Exercise goal: Restate all the entries exactly as they appear, apart from the pictures.

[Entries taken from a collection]
- - -

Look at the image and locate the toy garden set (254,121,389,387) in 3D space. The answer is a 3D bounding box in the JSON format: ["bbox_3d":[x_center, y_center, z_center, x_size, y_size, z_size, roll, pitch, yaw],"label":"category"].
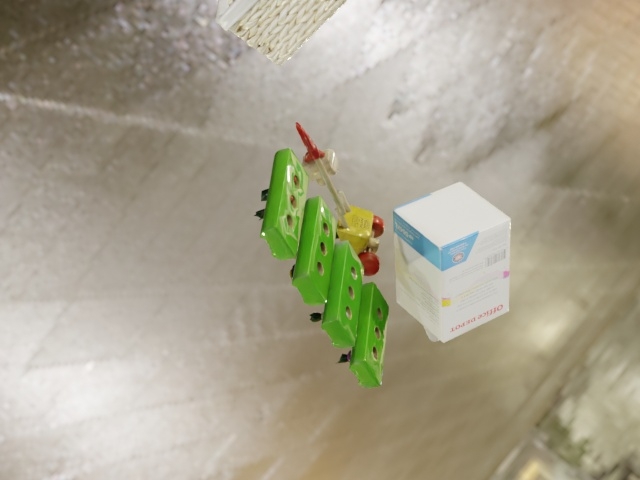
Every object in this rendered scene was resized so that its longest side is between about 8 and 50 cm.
[{"bbox_3d":[0.000,0.000,1.508,0.203,0.049,0.244,-82,150,-43],"label":"toy garden set"}]

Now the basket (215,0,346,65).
[{"bbox_3d":[-0.035,-0.311,1.832,0.167,0.103,0.113,-41,-157,24],"label":"basket"}]

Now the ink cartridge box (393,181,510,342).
[{"bbox_3d":[0.138,0.030,1.591,0.092,0.090,0.143,-22,130,-24],"label":"ink cartridge box"}]
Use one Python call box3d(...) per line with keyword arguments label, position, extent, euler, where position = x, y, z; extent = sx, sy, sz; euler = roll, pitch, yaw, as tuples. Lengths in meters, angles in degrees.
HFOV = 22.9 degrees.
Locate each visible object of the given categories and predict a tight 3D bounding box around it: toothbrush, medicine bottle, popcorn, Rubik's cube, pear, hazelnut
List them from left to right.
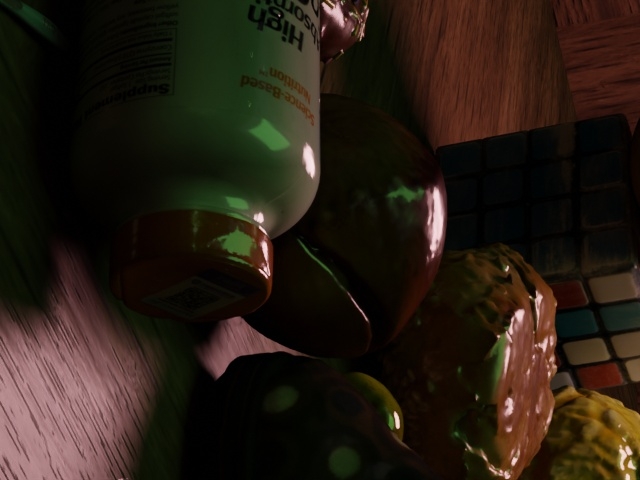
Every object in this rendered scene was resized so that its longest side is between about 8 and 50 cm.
box3d(label="toothbrush", position=(-0.187, -0.147, 0.907), extent=(0.193, 0.019, 0.013), euler=(45, 39, -66))
box3d(label="medicine bottle", position=(-0.077, -0.098, 1.001), extent=(0.157, 0.157, 0.288), euler=(52, 33, -58))
box3d(label="hazelnut", position=(0.000, 0.000, 1.172), extent=(0.208, 0.208, 0.208), euler=(-9, 90, -73))
box3d(label="pear", position=(0.030, 0.155, 1.348), extent=(0.092, 0.097, 0.092), euler=(14, 67, -37))
box3d(label="Rubik's cube", position=(0.293, 0.027, 1.992), extent=(0.253, 0.256, 0.259), euler=(62, 24, -45))
box3d(label="popcorn", position=(0.308, 0.312, 1.924), extent=(0.282, 0.247, 0.282), euler=(-4, 90, -87))

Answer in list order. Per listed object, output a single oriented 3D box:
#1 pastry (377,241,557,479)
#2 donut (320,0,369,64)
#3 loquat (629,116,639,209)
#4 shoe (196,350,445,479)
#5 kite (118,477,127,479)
box3d(label="pastry", position=(0.143, 0.131, 1.609), extent=(0.311, 0.162, 0.255), euler=(-7, 98, -69))
box3d(label="donut", position=(-0.024, -0.262, 1.367), extent=(0.216, 0.096, 0.230), euler=(20, 63, -71))
box3d(label="loquat", position=(0.519, -0.094, 1.838), extent=(0.328, 0.328, 0.328), euler=(-9, 90, -73))
box3d(label="shoe", position=(0.053, 0.242, 1.085), extent=(0.171, 0.237, 0.384), euler=(52, 26, -62))
box3d(label="kite", position=(-0.135, 0.206, 0.906), extent=(0.241, 0.014, 0.183), euler=(65, 26, -42))

- - -

Task response:
Look at the image and locate the toy garden set (254,121,389,387) in 3D space. The answer is a 3D bounding box in the JSON format: ["bbox_3d":[x_center, y_center, z_center, x_size, y_size, z_size, roll, pitch, yaw],"label":"category"].
Every object in this rendered scene was resized so that its longest side is between about 8 and 50 cm.
[{"bbox_3d":[0.000,0.000,1.508,0.203,0.049,0.244,-82,150,-43],"label":"toy garden set"}]

Now the basket (215,0,346,65).
[{"bbox_3d":[-0.035,-0.311,1.832,0.167,0.103,0.113,-41,-157,24],"label":"basket"}]

Now the ink cartridge box (393,181,510,342).
[{"bbox_3d":[0.138,0.030,1.591,0.092,0.090,0.143,-22,130,-24],"label":"ink cartridge box"}]
Use one Python call box3d(...) per line with keyword arguments label, position, extent, euler, where position = x, y, z; extent = sx, sy, sz; euler = roll, pitch, yaw, as tuples. Lengths in meters, angles in degrees.
HFOV = 22.9 degrees.
Locate each visible object of the given categories and predict a tight 3D bounding box around it: toothbrush, medicine bottle, popcorn, Rubik's cube, pear, hazelnut
List them from left to right.
Every object in this rendered scene was resized so that its longest side is between about 8 and 50 cm.
box3d(label="toothbrush", position=(-0.187, -0.147, 0.907), extent=(0.193, 0.019, 0.013), euler=(45, 39, -66))
box3d(label="medicine bottle", position=(-0.077, -0.098, 1.001), extent=(0.157, 0.157, 0.288), euler=(52, 33, -58))
box3d(label="hazelnut", position=(0.000, 0.000, 1.172), extent=(0.208, 0.208, 0.208), euler=(-9, 90, -73))
box3d(label="pear", position=(0.030, 0.155, 1.348), extent=(0.092, 0.097, 0.092), euler=(14, 67, -37))
box3d(label="Rubik's cube", position=(0.293, 0.027, 1.992), extent=(0.253, 0.256, 0.259), euler=(62, 24, -45))
box3d(label="popcorn", position=(0.308, 0.312, 1.924), extent=(0.282, 0.247, 0.282), euler=(-4, 90, -87))

Answer in list order. Per listed object, output a single oriented 3D box:
#1 pastry (377,241,557,479)
#2 donut (320,0,369,64)
#3 loquat (629,116,639,209)
#4 shoe (196,350,445,479)
#5 kite (118,477,127,479)
box3d(label="pastry", position=(0.143, 0.131, 1.609), extent=(0.311, 0.162, 0.255), euler=(-7, 98, -69))
box3d(label="donut", position=(-0.024, -0.262, 1.367), extent=(0.216, 0.096, 0.230), euler=(20, 63, -71))
box3d(label="loquat", position=(0.519, -0.094, 1.838), extent=(0.328, 0.328, 0.328), euler=(-9, 90, -73))
box3d(label="shoe", position=(0.053, 0.242, 1.085), extent=(0.171, 0.237, 0.384), euler=(52, 26, -62))
box3d(label="kite", position=(-0.135, 0.206, 0.906), extent=(0.241, 0.014, 0.183), euler=(65, 26, -42))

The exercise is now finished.